5)If r and s are positive integers,each greater than 1,and
if 11(s-1)=13(r-1),what is the least possible value of r+s?
2
11
22
24
26

[chestnut.cc]

1) n=7.19^3
Col A:the number of distinct positive factors of n
Col B:10

Is that 7.19^3, 7*19^3 or (7*19)^3... though i think its A in all cases...
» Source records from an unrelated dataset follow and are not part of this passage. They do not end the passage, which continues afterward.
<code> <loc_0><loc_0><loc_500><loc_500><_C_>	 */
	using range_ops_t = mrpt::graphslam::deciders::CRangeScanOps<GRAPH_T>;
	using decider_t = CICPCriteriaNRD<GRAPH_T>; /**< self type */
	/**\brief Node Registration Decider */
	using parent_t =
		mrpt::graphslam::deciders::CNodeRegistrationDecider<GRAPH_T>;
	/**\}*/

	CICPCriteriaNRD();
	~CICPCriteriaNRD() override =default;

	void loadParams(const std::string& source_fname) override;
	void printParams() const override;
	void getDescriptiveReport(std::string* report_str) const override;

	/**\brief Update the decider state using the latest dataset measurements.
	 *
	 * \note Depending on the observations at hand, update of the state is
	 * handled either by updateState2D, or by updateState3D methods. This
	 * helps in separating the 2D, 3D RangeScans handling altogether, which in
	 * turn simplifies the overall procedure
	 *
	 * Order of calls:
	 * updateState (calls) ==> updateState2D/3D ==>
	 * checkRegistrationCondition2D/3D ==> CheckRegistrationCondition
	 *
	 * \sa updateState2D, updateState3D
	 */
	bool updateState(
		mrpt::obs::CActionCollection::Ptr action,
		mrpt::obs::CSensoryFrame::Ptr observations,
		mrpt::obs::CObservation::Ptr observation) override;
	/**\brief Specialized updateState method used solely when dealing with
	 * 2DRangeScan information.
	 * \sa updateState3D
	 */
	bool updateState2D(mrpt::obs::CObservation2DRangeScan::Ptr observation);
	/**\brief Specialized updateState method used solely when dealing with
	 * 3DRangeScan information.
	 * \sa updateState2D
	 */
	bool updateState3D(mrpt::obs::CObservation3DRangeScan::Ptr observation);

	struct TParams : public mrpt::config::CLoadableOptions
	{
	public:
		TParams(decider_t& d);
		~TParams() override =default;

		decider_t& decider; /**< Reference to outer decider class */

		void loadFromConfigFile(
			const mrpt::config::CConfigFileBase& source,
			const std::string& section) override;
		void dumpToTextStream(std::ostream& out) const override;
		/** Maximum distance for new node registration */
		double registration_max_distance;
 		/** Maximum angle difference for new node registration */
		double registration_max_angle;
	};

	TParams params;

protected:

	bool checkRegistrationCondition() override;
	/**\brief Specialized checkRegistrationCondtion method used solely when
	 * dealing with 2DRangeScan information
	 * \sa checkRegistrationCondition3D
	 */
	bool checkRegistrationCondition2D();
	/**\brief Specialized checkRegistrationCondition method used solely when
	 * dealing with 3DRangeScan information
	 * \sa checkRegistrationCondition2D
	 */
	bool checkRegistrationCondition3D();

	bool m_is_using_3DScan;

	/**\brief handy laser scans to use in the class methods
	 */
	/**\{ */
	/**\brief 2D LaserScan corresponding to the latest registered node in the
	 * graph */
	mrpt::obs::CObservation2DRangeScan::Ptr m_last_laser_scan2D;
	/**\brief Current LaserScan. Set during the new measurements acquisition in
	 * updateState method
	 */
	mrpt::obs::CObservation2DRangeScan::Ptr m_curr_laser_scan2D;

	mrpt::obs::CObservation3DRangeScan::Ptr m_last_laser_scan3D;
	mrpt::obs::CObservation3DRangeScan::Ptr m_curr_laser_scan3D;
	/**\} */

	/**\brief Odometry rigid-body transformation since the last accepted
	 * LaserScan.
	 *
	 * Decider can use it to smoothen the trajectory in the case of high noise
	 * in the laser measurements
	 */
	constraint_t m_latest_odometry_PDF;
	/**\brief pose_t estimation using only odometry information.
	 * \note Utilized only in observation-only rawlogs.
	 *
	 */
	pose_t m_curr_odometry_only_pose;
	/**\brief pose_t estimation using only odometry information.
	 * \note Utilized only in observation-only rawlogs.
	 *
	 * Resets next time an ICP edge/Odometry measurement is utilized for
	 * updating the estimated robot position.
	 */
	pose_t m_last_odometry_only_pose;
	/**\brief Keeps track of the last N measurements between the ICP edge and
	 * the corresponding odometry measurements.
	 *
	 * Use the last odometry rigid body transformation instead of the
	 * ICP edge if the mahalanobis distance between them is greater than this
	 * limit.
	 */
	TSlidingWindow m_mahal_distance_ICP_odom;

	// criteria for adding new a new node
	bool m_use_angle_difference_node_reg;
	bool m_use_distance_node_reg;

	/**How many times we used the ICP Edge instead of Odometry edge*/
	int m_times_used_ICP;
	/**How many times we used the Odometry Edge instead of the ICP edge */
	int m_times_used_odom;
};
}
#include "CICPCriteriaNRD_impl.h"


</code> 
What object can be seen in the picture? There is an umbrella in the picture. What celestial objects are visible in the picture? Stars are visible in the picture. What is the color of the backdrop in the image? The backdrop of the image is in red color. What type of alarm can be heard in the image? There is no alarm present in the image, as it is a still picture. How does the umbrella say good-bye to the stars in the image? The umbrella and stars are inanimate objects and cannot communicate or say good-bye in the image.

2)At 9:am train T left train station and teo hours later train S left the same station on parallel track.If train T
averaged 60km/hr and train S averaged 75km/hr until S passed T,at what time did S pass T?
a)2pm
b)5pm
c)6pm
d)7pm
e)9pm

When train S passes train T they will have travelled the same distance... 60t = 75(t-2)... 15t = 150... t=10... 7 pm... B

3)If the perimeter of a traingle is 18,then the length of one sides cannot be
1
3
6
8
9

E

4)In a certain country a person is born every 3 seconds and a person dies every 10 seconds,Therefore the birth and
death rates account for a population growth rate of one person every

3(1/3)sec
4(2/7)sec
7sec
11(2/3)sec
13sec

1 per 3 seconds means 1/3 per second... 1 per 10 seconds means 1/10 per second... growth rate = birth rate - death rate... 1/3 -1/10... 7/30... B

5)If r and s are positive integers,each greater than 1,and
if 11(s-1)=13(r-1),what is the least possible value of r+s?
2
11
22
24
26

(s-1)/(r-1) = 13/11... obviously neither (s-1) nor (r-1) can be less than 13 or 11... in which case the ratio would reduce to lower terms and the inequality wouldn't be satisfied... so the first approximations should be 14 and 12... ie r +s =26... E

[eo352971]

hey chestnut, how come for the 2nd problem it is 75 (t-2)? I understand why it works out, but my natural instinct is to make it (t+2) as the second train left 2 hours later...?

Thanks!

[chestnut.cc]

t is the time for which the first train has been travelling... since the second train left 2 hours later... it travels 2 hours less as compared to the first... hence t-2... additionally if you put t+2 into the eqn you will see that you get a -ve time... which isnt possible... of course you could always say t is the time taken by the second train... t+2 is then the time taken by the first train...

[eo352971]

Ahh, got it. I was foolishly thinking of t as 9:00 am and not the actual number of hours travelled. Thanks a lot!

[scaredOfQuant]

Hey chestnut , how did u solve the first problem ? I will appreciate if u can elaborate on that.

[chestnut.cc]

1) n=7.19^3
Col A:the number of distinct positive factors of n
Col B:10

Is that 7.19^3, 7*19^3 or (7*19)^3... though i think its A in all cases...

They haven't said integral positive factors... which means you can have an infinite no of factors for any of the above mentioned... A

[grexam]

@chestnut
Can u please explain how u solved 3 rd problem

[chestnut.cc]

3)If the perimeter of a traingle is 18,then the length of one sides cannot be
1
3
6
8
9
The sum of two sides of a triangle is always greater than the third side... so if the perimeter is 18... plug in A... the sum of the other two sides is 17... let the other 2 sides be 8.5 and 8.5... the sum of any two sides exceeds the third... do this with all the others and you will see that for 9 the sum of the other 2 sides is 9... which isnt possible... E

[grexam]

thanks chestnut